His father, Alexander, a Baptist minister, has still not come to terms with the manner of his son's dying. "I can't talk about it," he says. "My life's work is telling people that they have to go on after tragedy, but I can't do it for myself."

Jonathan's elder sister, Gwendolyn, says: "When I first looked at the picture... and I saw it was a man - tall, slim - I said, 'If I didn't know any better, that could be Jonathan'.

"I never thought of the Falling Man as Jonathan. I thought of him as a man that just took his life in his hands for just one second.

"Did that person have so much faith that he knew that God would catch him - or was he so afraid to experience the end?"

On the day he died, Jonathan had kissed his wife Hillary goodbye before making the 20-mile journey from his home in Mount Vernon to Manhattan where he worked in the Windows On The World restaurant as a sound engineer.

That morning, the restaurant was holding a breakfast for 16 members of the Waters Financial Technology Congress, and 71 other guests.

At 8.45am, less than an hour after Jonathan arrived for work, American Airlines Flight 11 slammed into the north tower.

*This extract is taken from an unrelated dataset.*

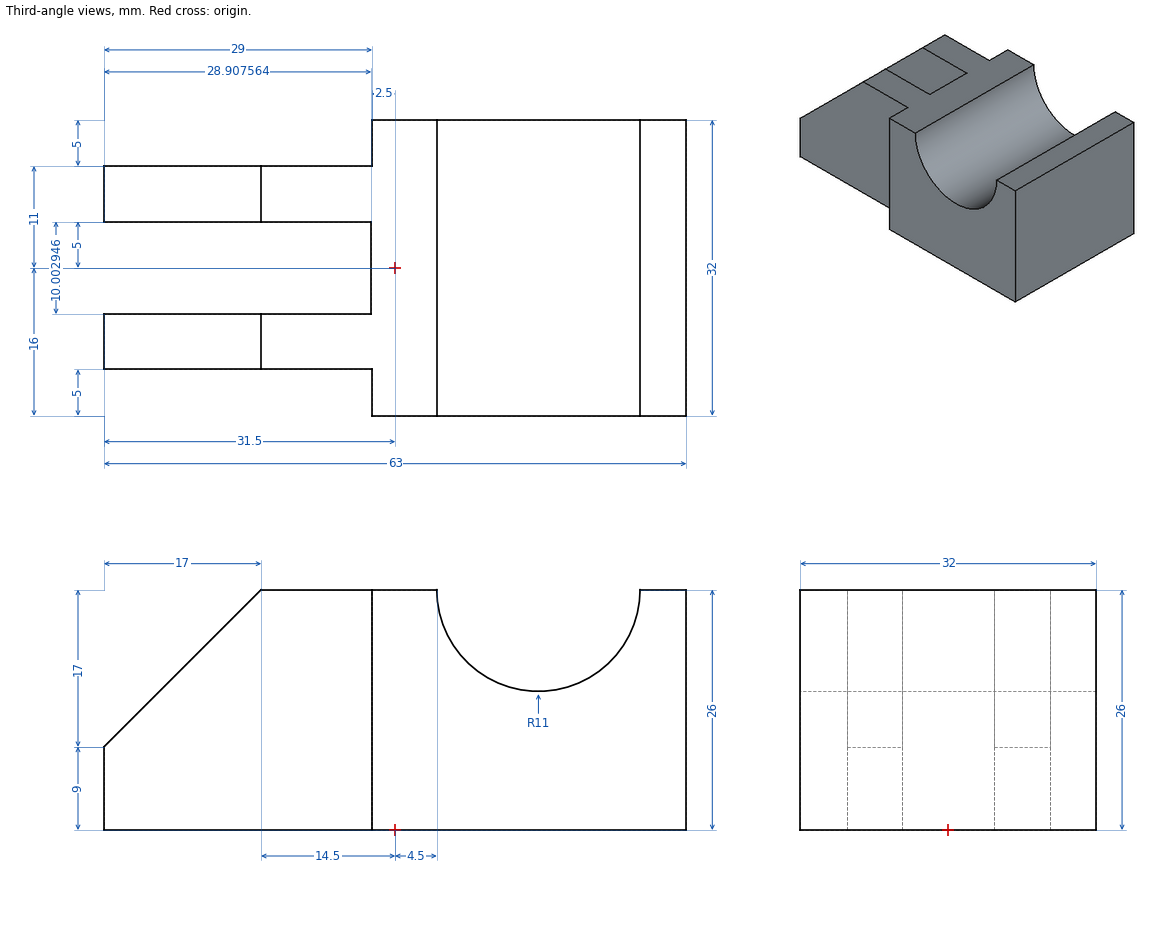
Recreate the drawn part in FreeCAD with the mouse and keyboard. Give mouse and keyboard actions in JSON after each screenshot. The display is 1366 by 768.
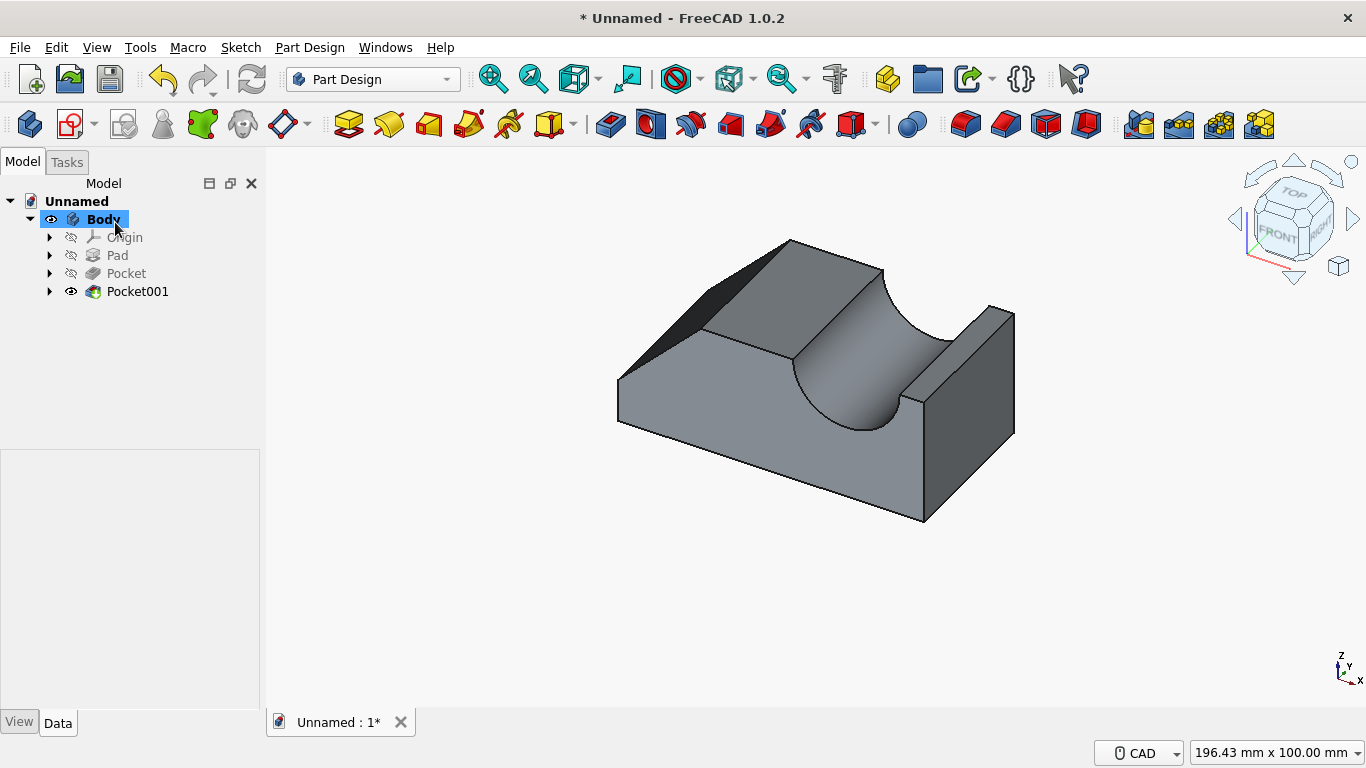
{"action": "key", "text": "5"}

The impact sliced through floors 93 to 99, killing hundreds, immediately creating a 1,000C inferno as the plane's fuel ignited.

The fireball was so intense that people in the building's lobby were burned as the flames shot down the lift shafts.

But it was the 1,000 people trapped on floors 100 to 107 who were unluckiest. With the lift shafts severed and staircases blocked by rubble, fire and choking smoke, there was no escape.

With the air becoming unbreathable, desperate staff and diners began smashing windows. And it was in those final moments that Jonathan, an asthmatic, must have made his dreadful decision...

If we don't know what went through Jonathan's mind then, we do know the last desperate thoughts of others who decided they would take fate into their own hands.

Eighteen minutes after the first plane struck, the second plane hit the south tower, trapping another 600 people.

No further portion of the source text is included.